4. **Compliance.** Most enterprise frameworks (SOC 2 CC6.1, ISO 27001 A.9.4.3) require keys to trace back to a named individual. Auto-generated, vendor-held keys fail this.
The validation regex on `var.ssh_public_key` accepts `ssh-rsa`, `ssh-ed25519`, and `ecdsa-sha2-nistp256` formats. Recommend `ssh-ed25519` from a YubiKey-resident key for production.
---
## OS hardening (cloud-init)
Both `cloudinit-control-plane.tftpl` and `cloudinit-worker.tftpl` apply the same baseline. Each item is a template-conditional driven by a variable so an operator can disable it for a short-lived test Sovereign.

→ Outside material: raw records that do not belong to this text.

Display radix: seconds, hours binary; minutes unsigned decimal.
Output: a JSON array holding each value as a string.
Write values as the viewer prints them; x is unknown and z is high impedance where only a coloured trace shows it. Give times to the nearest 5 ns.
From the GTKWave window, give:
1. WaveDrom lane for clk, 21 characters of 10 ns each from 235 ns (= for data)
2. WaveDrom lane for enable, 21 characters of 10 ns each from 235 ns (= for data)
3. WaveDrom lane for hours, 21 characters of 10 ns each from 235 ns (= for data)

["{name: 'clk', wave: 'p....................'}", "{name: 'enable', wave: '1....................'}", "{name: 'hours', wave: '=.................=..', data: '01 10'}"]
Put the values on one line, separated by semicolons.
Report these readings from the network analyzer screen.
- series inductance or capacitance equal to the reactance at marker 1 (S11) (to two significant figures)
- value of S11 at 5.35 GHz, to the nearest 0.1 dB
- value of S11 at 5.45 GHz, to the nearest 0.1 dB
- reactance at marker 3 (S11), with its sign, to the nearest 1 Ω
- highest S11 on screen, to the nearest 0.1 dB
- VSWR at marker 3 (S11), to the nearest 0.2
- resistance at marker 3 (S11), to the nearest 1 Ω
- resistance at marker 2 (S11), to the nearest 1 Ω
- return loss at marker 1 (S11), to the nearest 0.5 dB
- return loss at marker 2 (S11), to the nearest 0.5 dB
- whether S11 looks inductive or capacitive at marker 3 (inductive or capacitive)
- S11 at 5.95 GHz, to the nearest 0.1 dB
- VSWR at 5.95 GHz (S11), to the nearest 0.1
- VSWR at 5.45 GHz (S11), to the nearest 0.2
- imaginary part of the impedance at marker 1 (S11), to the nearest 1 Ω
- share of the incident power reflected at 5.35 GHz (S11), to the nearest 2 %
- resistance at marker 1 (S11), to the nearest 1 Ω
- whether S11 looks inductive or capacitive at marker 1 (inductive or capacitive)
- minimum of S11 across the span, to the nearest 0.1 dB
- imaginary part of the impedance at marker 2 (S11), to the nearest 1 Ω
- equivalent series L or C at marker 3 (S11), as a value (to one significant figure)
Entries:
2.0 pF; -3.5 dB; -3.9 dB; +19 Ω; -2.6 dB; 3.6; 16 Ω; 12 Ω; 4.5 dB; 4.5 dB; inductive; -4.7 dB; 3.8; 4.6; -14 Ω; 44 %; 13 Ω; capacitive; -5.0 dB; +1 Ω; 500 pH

| Item | Variable (default) | What happens |
|---|---|---|
| sshd drop-in | always on | `/etc/ssh/sshd_config.d/99-catalyst-hardening.conf` sets `PasswordAuthentication no`, `KbdInteractiveAuthentication no`, `PermitRootLogin prohibit-password`, disables forwarding, tightens `MaxAuthTries=3` and `LoginGraceTime=30`. The `ssh-rsa`/`ssh-ed25519` key Hetzner injects via `ssh_keys[]` is the only path in. |
| `unattended-upgrades` | `enable_unattended_upgrades=true` | Daily security-only upgrades on Ubuntu, restricted to the `*-security` pocket. Auto-reboot at 02:30 if a kernel upgrade requires it; the LB health check covers the ~60 s window. Removes unused kernels to keep `/boot` from filling. |
| `fail2ban` (sshd jail) | `enable_fail2ban=true` | Defence-in-depth in case `ssh_allowed_cidrs` is later widened. `maxretry=5`, `findtime=10m`, `bantime=1h`, systemd backend. |
The hardening explicitly does **not** include AppArmor profile authoring, kernel-module blacklisting, or a CIS Level-2 sweep. Those are a Phase-2 task delivered by a Kyverno policy + a privileged DaemonSet (`bp-cis-hardening`), not Phase-0 cloud-init.
---
## Variables — reference
See [`variables.tf`](variables.tf) for the authoritative source. Highlights:
| Variable | Default | Validation |
|---|---|---|
| `region` | (required) | `fsn1`, `nbg1`, `hel1`, `ash`, `hil` |
| `control_plane_size` | `cx42` | `^(cx[0-9]+|ccx[0-9]+|cax[0-9]+)$` |
| `worker_size` | `cx32` | `^(cx[0-9]+|ccx[0-9]+|cax[0-9]+)$` |
| `worker_count` | `0` | `0 ≤ n ≤ 50` |
| `ha_enabled` | `false` | bool |
| `k3s_version` | `v1.31.4+k3s1` | `^v\d+\.\d+\.\d+\+k3s\d+$` |
| `ssh_public_key` | (required) | OpenSSH formats only |
| `ssh_allowed_cidrs` | `[]` | every entry must be a valid CIDR |
| `enable_unattended_upgrades` | `true` | bool |
| `enable_fail2ban` | `true` | bool |
| `domain_mode` | `pool` | `pool` or `byo` |
| `gitops_repo_url` | public OpenOva monorepo | string |
| `gitops_branch` | `main` | string |
Every default is the **common case** for a solo Sovereign. The waterfall doctrine ([`docs/INVIOLABLE-PRINCIPLES.md`](../../docs/INVIOLABLE-PRINCIPLES.md) §1) means the defaults must produce a working production-shape Sovereign, not a "demo it first" scaffold.
---
## How to invoke this module standalone
Most operators reach this module through the Catalyst console wizard, which writes a `tofu.auto.tfvars.json`, runs `tofu init && tofu apply`, and ships the outputs back to the user. The wizard path is the supported one.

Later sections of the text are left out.